Developed by Genetic Anomalies (the makers of Chron X), ConQuest orbits around collectible "pieces" (the game doesn't refer to them as "cards") that you buy, sell, and trade exclusively on Activision's servers. Set in the era of The Next Generation, Conquest is a fast, furious -- and like most CCGs, highly addictive -- game of galactic chess between two Qs: you and your opponent.
It works like this: You download the ConQuest demo (or buy it retail), fool around with the basic starter sets you're given, and then pay $10 to become a registered player. This $10 gets you seven free booster packs and allows you to trade, play, and be ranked online. Non-registered demo users cannot trade at all. If you need more pieces you can buy booster packs online, or you can buy the actual starter sets--a must if you desire each unique "Q" piece associated with the 5 different starter sets: Romulan, Federation, Klingon, Borg, and Mixed.
Gameplay comes in two very different formats: Basic and Advanced. The Basic game may be a simplified version of the Advanced game, but certain random elements found only in the Advanced version make sure that the two formats require entirely different strategies in order to win. In fact, there are players online who refuse to play one format or the other, and fortunately STCO provides dynamic statistics for both Basic and Advanced play. Both formats are also faithfully represented in official tournaments.
The Basic game consists of three phases -- Deploy, Attack, and Move -- and is more strategic, relying less on chance. The Advanced game adds two phases: Event and Action. The Event phase, in which you and your opponent bid over who gets each event, adds a layer of chaos that can possibly ruin all your well-planned strategies if you're not prepared. The Action phase allows certain ships, items, and crewmembers to perform useful actions such as ship repairs, cloaking, and employing tractor beams.
A lot of players online prefer these added uncertainties, but some think they sacrifice raw strategy and thus only play Basic. Either way, ConQuest is rich with strategy and replayability. The only gameplay flaw would be the fact that early dominance often leads to an imbalanced "turn 9" lock where it becomes rapidly impossible to lose with the current set of game pieces in circulation. This will most likely be addressed as Genetic Anomalies releases new game pieces into the mix.

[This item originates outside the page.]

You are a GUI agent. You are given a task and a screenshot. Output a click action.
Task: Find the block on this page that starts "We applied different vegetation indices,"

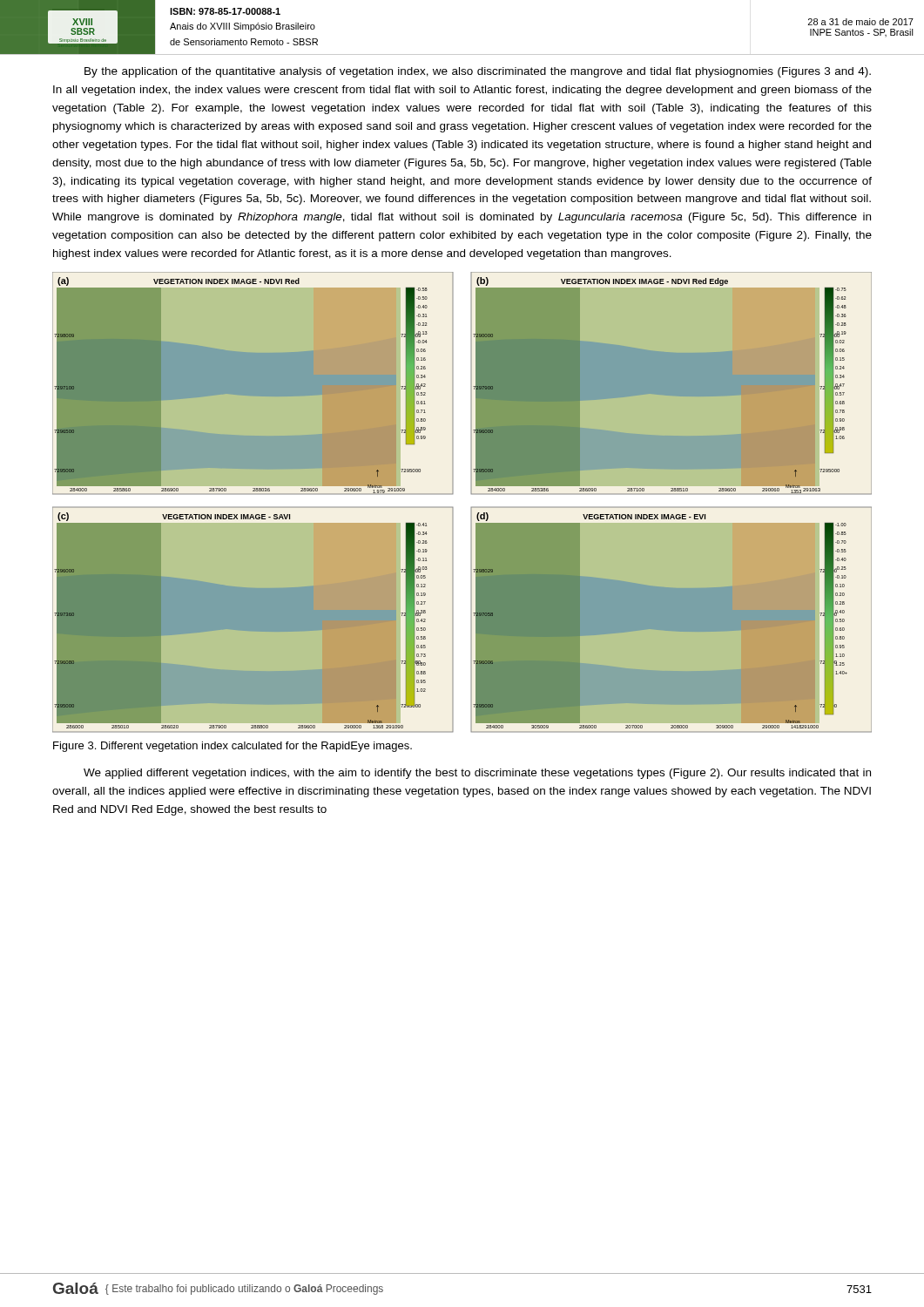[462, 791]

Graphics are a treat for all Trekkies. The Romulan ships look sexy, the Klingon women look twice as sexy, and each and every one of the Borg crewmembers will strike fear into the hearts of your enemies. For a strategic game, the graphics couldn't be any better. Well, that is, except for the fact that you're trapped in 800x600 mode with no option to adjust your resolution. What the hell were they thinking?
Sound quality isn't up to the standards of other Star Trek games and it often sounds like a bad dubbing job as one of your characters barks out meaningless drivel when you give an order. Very little effort was spent on the music and even the famous sounds of Trek combat were anti-climatic. Then again you're probably not playing ConQuest for its sound.
Overall, ConQuest Online is a satisfying online CCG that is likely to improve over time as future expansion packs introduce awesome new pieces. Sure, there are some imbalances, but after reevaluating your previous strategies you'll soon learn how to thrive. Any way you look at it, STCO is a must-have for Trekkies everywhere.